The results of a recent survey carried out by the UK Government suggest that the country’s business sector is not ready for the introduction of the General Data Protection Regulation (GDPR) on 25 May 2018.
The most worrying aspect of the results is that just 38% of business and groups questioned were actually aware of the introduction of GDPR and the consequences. Although, the number massively surged, to 80%, for larger business and firms, with more than 250 workers.
Despite this, that still means that 20% of large businesses and groups in the United Kingdom are putting themselves in danger of receiving fines of up to 20 million euros, or 4% of annual turnover, whichever is larger, if they are found to be non-compliant with GDPR legislation. Smaller companies could be massively affected by even small penalties, and they are less well-informed; only 49% of small companies and 31% of micro businesses said that they were knowledgeable of GDPR.
What about those those are aware?
The results are no better when you look at businesses and groups that said they are aware of GDPR. Less than 50% of the companies and organisations participating and aware, said that they had made any procedural or security amendments due to GDPR stipulations. Even given the fact that the present Data Protection Act is established, it seems that reforms brought about by GDPR, such as the right to data portability and alterations to the System Access Request (SAR) process, would require some procedural change.

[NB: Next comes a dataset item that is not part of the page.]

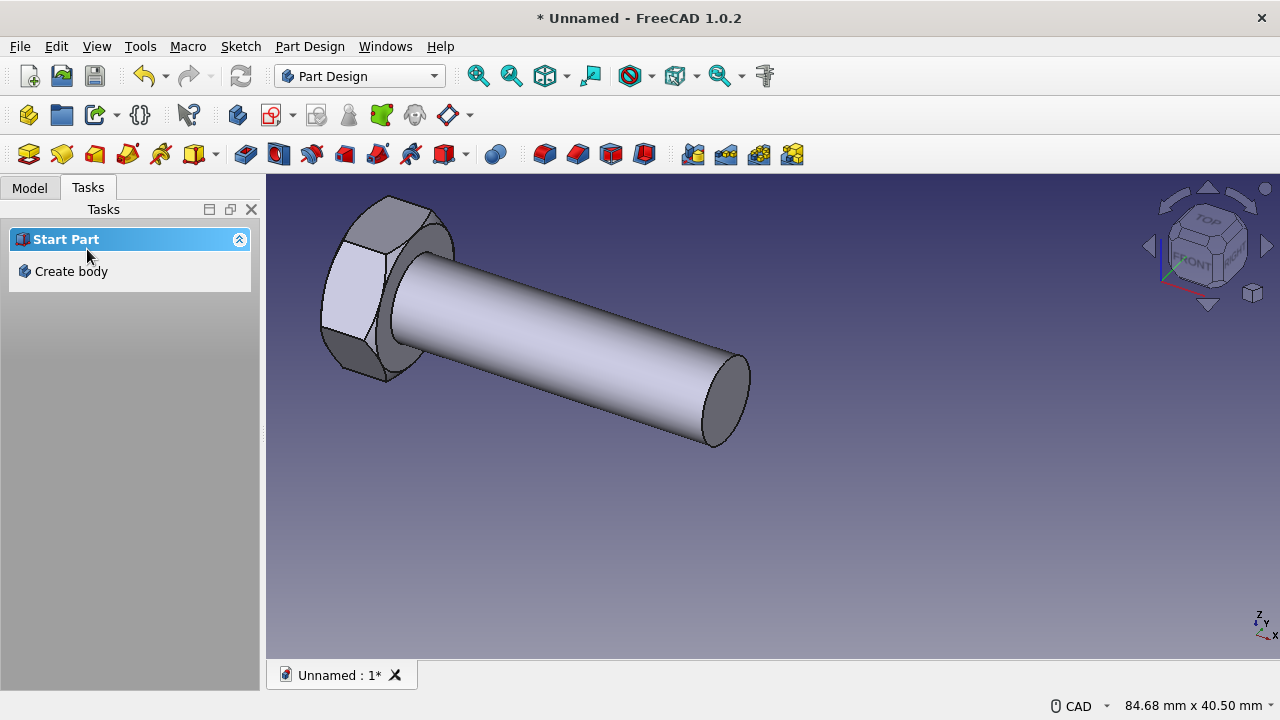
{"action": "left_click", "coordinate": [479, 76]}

It is difficult to ascertain why United Kingdom companies and organisations seem to be so ill-prepared for the coming introduction of GDPR. It could be that Brexit has made them think that it is less important to be knowledgeable of the implications, or adhere with them. This is not the case as the United Kingdom is still a member of the EU currently.
Even when it departs the EU, any company or organisation processing the personal data of EU citizens will still be expected to adhere, and it is predicted that GDPR stipulations will remain within UK legislation.